Iras mengerutkan dahi. Tadi pagi ryan ga masuk sekolah, tapi sorenya dia
pasti dateng buat nemenin tiara test. “yaudah, gue udah nelfon kakak sepupunya
tadi. Dya lagi otw katanya. Orang tuanya ryan lagi diluar kota”. Tiara tak
memperdulikan iras, tatapannya hanya tertuju pada ryan yang terbaring lemah
dengan wajah pucat pasi. “gue cariin lo makan dulu ya ra, lo pasti belom makan
kan?”. Tiara menatap iras dan akhirnya mengangguk. Iras melangkahkan kaki
menuju pintu keluar.
Tiara menggenggam sebelah tangan ryan. Suhu badanya sudah
tidak sepanas tadi. Ya tuhan.. mengapa ia begitu menhawatirkan anak ini. Suara
derit pintu kembali berbunyi, tapi bukan iras yang ada dibaliknya. Seorang
cewek cantik yang usianya kira-kira 2 tahun diatas tiara. Wanita dengan blus
biru muda dan rok selutut juga high heels itu menghampiri tiara sambil
tersenyum.Tiara buru-buru melepas genggamannya dari ryan.. “kamu pasti tiara”
katanya tanpa melepas senyumannya. Tiara spontan menggeser bangkunya dan
berdiri, ia ikut tersenyum sambil mengangguk. “saya lisa, kakak sepupunya ryan.” Ia mengulurkan
tangannya , membuat tiara dengan sigap menjabat tangannya. Tiara dan lisa duduk
disofa agak jauh dari tempat tidur ryan. “kamu lebih cantik dari bayangan
kakak.” Pipi tiara merona merah, lalu menatap lisa penuh kebingungan. “ryan
banyak cerita tentang kamu”. Lisa seakan tau apa yang ada dipikiran tiara.

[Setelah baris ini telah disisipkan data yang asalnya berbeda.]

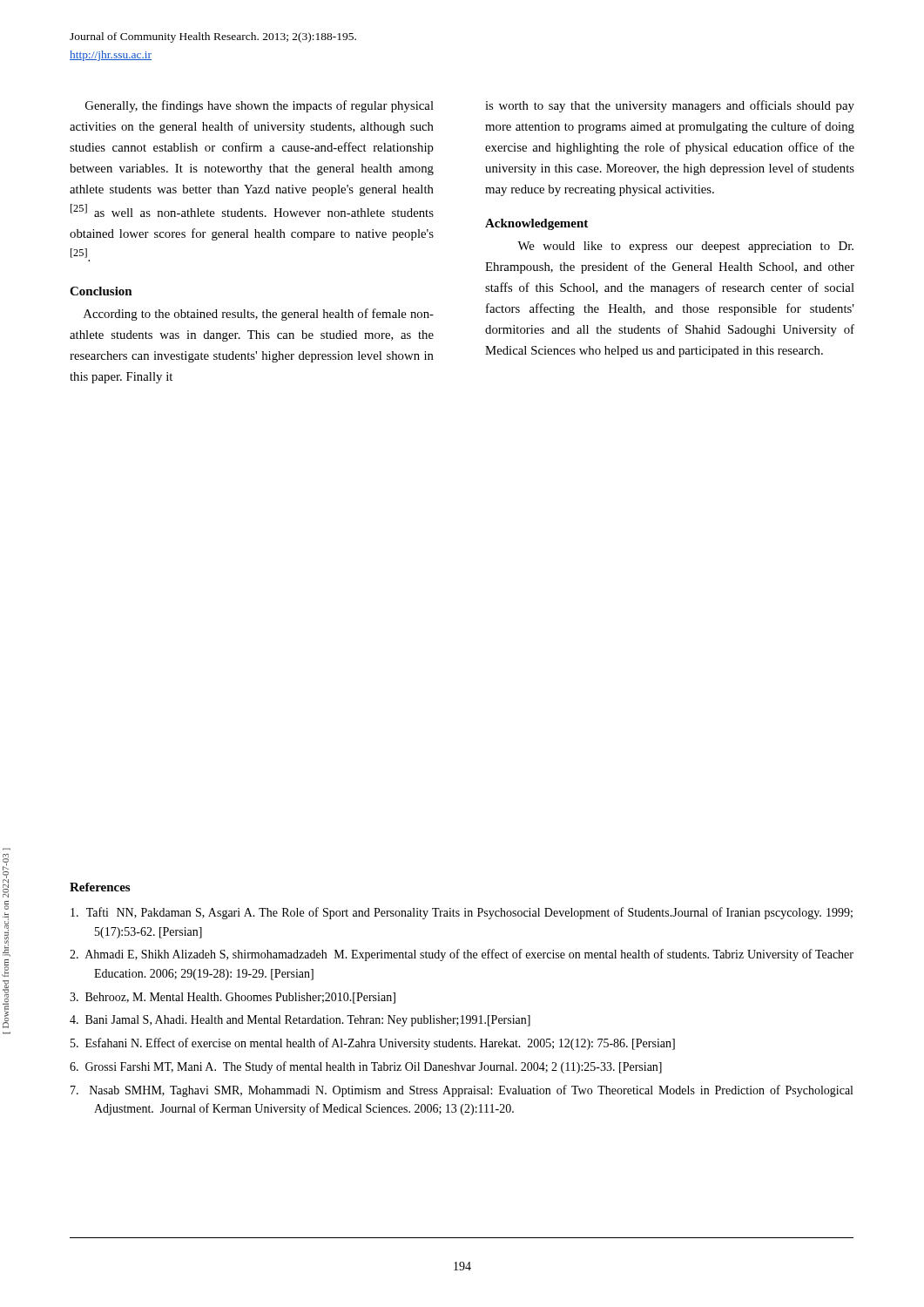Point to the block starting "is worth to"
The height and width of the screenshot is (1307, 924).
(670, 147)
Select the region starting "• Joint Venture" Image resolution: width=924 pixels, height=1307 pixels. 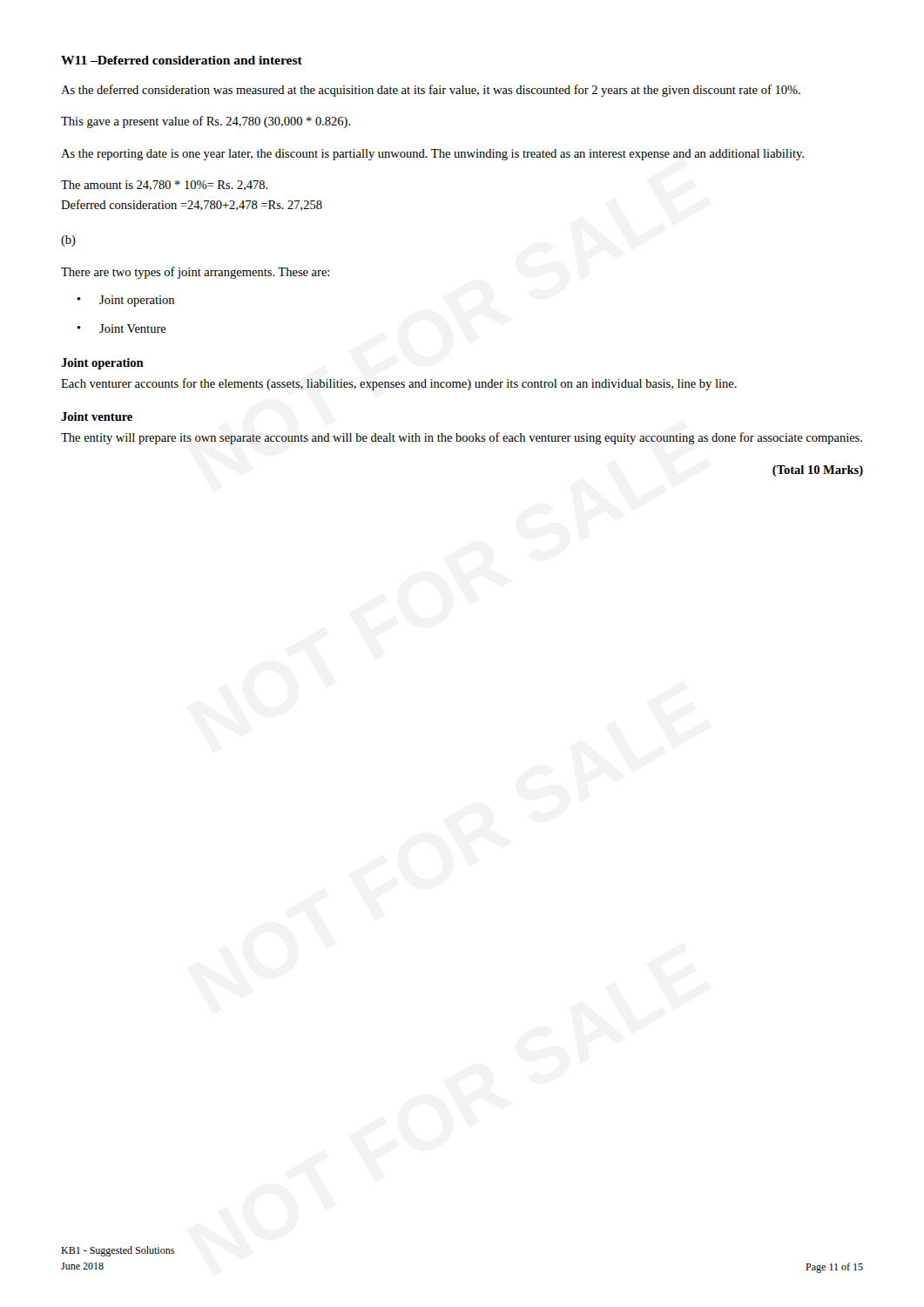121,328

“makasih yang udah bikin ryan berubah”. Katanya lagi, kali ini matanya menatap
ryan dari kejauhan. “itu karena ryan yang pengen berubah ka, bukan karena
tiara”. Tiara mengikuti arah pandang lisa yang tertuju pada ryan. “ryan itu
sayang banget sama kamu.” Kali ini kata-kata lisa ampuh membuat tiara berbalik,
menatap lisa yang matanya masih tertuju ke ranjang. “dya banyak cerita tentang
kamu sama kakak. Waktu itu kakak sempet beberapa kali nginep dirumah ryan. Udah
hampir tengah malem dya masih sibuk diruang tamu, belajar buat ulangan biologi
katanya. Pertama kakak ga percaya, tapi ternyata dia serius, disaat itulah dia
cerita tentang kamu. Dya ngerasa nyaman dideket kamu, dia ngerasa kamu beda
dari cewe-cewe lain. Saat itulah dia mutusin buat rajin belajar. Biar bisa
deket sama kamu. Mungkin kamu ga pernah tau. Dia sempet denger beberapa anak
ngomongin dya disekolah. Mereka mengira ryan deket sama kamu Cuma buat
manfaatin kepintaran kamu., dan kamu manfaatin ryan karena kekayaannya. Padahal
dya ga sejahat itu. Kamu tau kan.”. tiara menghela nafas panjang, ya tuhan.. ia
sama sekali ga pernah punya pikiran seperti itu tentang ryan. “mulai saat itu
dya belajar biar bisa setara sama kamu, biar dia bisa buktiin sama anak-anak
lain kalau dya ga seperti yang mereka pikirkan. Dan keesokan harinya. Dya
pulang dengan baju yang udah basah karena keringetan, dan mengeluh kalau
kakinya cape banget karena jalan kaki dari rumah ke sekolah, buat apa? Biar
bisa jalan bareng kamu. Setiap hari dia nunggu kamu di komplek deket rumah
kamu. Seolah-seolah kalian bertemu karena ketidak sengajaan.”. lisa
menghentikan kata-katanya, lalu menoleh kerah tiara. Melihat matanya yang
berkaca-kaca. “dua hari yang lalu sebenarnya dia udah ngeluh kalau ga enak
badan. Tapi dia tetep maksa masuk sekolah terus nganterin kamu ke toko buku.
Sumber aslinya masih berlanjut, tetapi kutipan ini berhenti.